§ Task statement
Scan the material below for the string "JSON". Report every line that has it.

Start of Entries shown

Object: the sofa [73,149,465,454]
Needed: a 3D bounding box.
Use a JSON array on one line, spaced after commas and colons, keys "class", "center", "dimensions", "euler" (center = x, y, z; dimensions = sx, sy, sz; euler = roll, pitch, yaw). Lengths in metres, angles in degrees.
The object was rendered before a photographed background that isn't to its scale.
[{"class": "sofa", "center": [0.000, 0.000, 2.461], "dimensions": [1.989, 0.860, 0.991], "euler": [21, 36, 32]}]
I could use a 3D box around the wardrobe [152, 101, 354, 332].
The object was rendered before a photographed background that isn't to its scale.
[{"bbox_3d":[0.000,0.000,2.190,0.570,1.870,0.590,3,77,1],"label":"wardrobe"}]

End of Entries shown
Start of Entries shown

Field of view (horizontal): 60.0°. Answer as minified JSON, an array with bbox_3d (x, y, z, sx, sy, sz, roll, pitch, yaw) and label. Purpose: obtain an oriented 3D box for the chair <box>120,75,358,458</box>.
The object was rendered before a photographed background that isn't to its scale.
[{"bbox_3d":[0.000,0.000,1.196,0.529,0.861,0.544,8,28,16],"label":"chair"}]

End of Entries shown

§ Answer to the problem
Use a JSON array on one line, spaced after commas and colons, keys "class", "center", "dimensions", "euler" (center = x, y, z; dimensions = sx, sy, sz; euler = roll, pitch, yaw). Lengths in metres, angles in degrees.
Field of view (horizontal): 60.0°. Answer as minified JSON, an array with bbox_3d (x, y, z, sx, sy, sz, roll, pitch, yaw) and label. Purpose: obtain an oriented 3D box for the chair <box>120,75,358,458</box>.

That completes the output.